Nothing but a number is expected: the count of lines in the data below that include "horizontal".
§ §
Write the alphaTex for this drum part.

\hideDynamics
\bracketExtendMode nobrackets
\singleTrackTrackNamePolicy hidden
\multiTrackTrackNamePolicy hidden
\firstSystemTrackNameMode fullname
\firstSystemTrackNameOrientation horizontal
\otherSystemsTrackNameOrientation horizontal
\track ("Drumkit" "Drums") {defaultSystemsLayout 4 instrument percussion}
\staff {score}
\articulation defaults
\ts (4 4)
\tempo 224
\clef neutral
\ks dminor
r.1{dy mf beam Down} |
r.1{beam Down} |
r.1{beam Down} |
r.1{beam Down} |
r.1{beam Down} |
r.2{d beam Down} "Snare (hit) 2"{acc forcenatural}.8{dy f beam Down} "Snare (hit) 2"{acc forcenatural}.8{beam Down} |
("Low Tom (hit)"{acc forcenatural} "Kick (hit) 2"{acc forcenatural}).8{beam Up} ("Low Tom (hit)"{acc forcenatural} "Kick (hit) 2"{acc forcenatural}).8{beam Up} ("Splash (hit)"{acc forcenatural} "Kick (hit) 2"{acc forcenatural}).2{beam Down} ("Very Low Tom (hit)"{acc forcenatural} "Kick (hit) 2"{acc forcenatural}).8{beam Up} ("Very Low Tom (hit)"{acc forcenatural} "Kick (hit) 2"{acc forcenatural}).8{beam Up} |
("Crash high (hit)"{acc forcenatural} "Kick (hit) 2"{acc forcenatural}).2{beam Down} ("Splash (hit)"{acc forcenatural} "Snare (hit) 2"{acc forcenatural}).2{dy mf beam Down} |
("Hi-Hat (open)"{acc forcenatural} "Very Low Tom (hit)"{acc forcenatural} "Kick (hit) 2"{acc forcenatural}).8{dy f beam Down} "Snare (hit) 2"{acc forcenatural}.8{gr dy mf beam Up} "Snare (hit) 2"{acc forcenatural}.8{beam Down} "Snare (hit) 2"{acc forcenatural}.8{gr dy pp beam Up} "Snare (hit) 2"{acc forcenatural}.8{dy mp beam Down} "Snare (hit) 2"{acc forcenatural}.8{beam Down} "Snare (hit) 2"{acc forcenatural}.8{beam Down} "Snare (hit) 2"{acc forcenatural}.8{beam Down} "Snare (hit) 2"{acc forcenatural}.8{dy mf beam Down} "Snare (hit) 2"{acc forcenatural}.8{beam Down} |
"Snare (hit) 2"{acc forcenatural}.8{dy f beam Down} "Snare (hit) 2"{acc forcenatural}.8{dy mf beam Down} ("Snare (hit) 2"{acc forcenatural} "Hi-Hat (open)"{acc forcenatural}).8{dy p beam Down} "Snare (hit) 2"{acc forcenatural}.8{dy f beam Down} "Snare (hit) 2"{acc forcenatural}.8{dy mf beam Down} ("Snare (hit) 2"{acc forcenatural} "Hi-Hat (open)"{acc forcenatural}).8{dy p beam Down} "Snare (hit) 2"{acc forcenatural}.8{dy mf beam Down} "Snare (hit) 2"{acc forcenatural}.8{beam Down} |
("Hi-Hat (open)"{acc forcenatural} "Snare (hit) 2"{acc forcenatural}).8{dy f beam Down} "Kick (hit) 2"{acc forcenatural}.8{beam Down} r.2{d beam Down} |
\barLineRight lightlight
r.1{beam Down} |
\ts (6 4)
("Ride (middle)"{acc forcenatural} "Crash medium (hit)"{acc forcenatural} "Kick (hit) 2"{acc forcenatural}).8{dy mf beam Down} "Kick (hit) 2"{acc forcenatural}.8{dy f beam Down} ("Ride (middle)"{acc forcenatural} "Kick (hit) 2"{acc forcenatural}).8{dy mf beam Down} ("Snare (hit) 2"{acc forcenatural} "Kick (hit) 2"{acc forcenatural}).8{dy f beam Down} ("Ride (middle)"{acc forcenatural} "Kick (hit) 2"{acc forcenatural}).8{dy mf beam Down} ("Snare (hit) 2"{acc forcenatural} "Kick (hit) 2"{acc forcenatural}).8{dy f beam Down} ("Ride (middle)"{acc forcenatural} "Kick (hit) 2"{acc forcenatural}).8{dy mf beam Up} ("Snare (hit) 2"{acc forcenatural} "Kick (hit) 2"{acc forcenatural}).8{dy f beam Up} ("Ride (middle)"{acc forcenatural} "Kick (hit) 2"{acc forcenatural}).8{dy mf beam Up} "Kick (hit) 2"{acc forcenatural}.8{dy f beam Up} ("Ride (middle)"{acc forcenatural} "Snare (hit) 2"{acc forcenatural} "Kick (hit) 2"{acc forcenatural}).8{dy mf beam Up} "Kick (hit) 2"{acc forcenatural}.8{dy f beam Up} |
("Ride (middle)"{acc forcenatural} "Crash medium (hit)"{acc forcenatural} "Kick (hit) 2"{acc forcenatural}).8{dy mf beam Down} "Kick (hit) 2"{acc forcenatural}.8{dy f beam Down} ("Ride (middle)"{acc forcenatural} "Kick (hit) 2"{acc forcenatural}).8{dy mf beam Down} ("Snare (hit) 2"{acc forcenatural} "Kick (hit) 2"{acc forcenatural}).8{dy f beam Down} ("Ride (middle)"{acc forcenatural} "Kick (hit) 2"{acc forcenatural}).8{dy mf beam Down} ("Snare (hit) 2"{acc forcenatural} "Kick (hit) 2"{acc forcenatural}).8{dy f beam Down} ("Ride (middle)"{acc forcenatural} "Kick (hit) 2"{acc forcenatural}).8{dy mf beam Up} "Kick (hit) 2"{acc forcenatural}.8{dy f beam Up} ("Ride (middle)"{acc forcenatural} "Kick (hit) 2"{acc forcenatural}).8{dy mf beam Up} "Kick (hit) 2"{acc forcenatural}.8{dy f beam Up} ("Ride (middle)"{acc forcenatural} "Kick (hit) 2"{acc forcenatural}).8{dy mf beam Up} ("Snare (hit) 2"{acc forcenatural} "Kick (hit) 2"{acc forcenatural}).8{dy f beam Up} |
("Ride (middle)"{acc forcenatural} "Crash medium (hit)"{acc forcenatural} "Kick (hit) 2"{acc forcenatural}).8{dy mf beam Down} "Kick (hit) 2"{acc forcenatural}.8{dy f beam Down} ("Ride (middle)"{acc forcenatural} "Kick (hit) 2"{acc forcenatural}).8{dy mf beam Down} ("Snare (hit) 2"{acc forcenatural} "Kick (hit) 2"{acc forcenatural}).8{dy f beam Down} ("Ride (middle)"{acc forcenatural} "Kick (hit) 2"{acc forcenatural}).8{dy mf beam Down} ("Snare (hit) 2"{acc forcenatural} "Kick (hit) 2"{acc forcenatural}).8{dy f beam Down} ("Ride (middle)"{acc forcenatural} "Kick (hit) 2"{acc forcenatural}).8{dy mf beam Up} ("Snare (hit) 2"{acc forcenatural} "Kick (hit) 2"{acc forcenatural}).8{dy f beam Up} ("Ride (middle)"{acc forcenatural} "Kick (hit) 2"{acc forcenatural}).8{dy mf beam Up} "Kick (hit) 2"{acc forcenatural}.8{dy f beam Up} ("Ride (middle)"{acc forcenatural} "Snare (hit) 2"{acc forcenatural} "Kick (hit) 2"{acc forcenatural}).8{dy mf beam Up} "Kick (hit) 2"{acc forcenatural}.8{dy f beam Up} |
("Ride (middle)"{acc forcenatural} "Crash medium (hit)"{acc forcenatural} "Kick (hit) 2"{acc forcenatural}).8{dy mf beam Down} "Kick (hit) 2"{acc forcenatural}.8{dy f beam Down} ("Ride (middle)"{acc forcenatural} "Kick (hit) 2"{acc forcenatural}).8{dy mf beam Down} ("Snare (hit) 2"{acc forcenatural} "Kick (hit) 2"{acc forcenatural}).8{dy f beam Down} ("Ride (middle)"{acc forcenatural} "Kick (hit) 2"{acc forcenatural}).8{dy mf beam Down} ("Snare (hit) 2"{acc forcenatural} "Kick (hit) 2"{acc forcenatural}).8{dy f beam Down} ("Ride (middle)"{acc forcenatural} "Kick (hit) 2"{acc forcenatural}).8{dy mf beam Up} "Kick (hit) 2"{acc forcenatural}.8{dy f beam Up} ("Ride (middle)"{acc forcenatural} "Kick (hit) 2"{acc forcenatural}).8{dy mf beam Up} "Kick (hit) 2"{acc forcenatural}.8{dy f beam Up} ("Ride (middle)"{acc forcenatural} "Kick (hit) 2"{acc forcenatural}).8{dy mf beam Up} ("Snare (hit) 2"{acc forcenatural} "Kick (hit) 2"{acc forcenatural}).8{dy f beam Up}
§ §
*SOLUTION TO THIS PROBLEM*
2